--- START ---

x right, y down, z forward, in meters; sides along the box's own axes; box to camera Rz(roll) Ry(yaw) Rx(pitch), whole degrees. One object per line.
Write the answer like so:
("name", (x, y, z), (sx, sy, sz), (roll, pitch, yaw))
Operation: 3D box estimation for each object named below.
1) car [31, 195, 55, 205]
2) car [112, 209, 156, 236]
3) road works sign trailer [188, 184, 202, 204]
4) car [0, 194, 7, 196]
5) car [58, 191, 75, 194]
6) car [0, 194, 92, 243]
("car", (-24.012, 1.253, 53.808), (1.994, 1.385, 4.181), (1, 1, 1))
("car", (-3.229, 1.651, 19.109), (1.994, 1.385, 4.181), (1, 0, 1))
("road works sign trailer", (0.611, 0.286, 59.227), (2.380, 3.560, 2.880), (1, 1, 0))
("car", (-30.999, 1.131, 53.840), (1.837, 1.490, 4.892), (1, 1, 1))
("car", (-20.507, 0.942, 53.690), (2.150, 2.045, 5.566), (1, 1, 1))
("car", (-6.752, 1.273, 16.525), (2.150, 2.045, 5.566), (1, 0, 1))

--- END ---

What you should do ::
All lines from the one containing "Write the answer" to the last line above should be reproduced exactly, and no other lines should be given.

Solution ::
Write the answer like so:
("name", (x, y, z), (sx, sy, sz), (roll, pitch, yaw))
Operation: 3D box estimation for each object named below.
1) car [31, 195, 55, 205]
2) car [112, 209, 156, 236]
3) road works sign trailer [188, 184, 202, 204]
4) car [0, 194, 7, 196]
5) car [58, 191, 75, 194]
6) car [0, 194, 92, 243]
("car", (-24.012, 1.253, 53.808), (1.994, 1.385, 4.181), (1, 1, 1))
("car", (-3.229, 1.651, 19.109), (1.994, 1.385, 4.181), (1, 0, 1))
("road works sign trailer", (0.611, 0.286, 59.227), (2.380, 3.560, 2.880), (1, 1, 0))
("car", (-30.999, 1.131, 53.840), (1.837, 1.490, 4.892), (1, 1, 1))
("car", (-20.507, 0.942, 53.690), (2.150, 2.045, 5.566), (1, 1, 1))
("car", (-6.752, 1.273, 16.525), (2.150, 2.045, 5.566), (1, 0, 1))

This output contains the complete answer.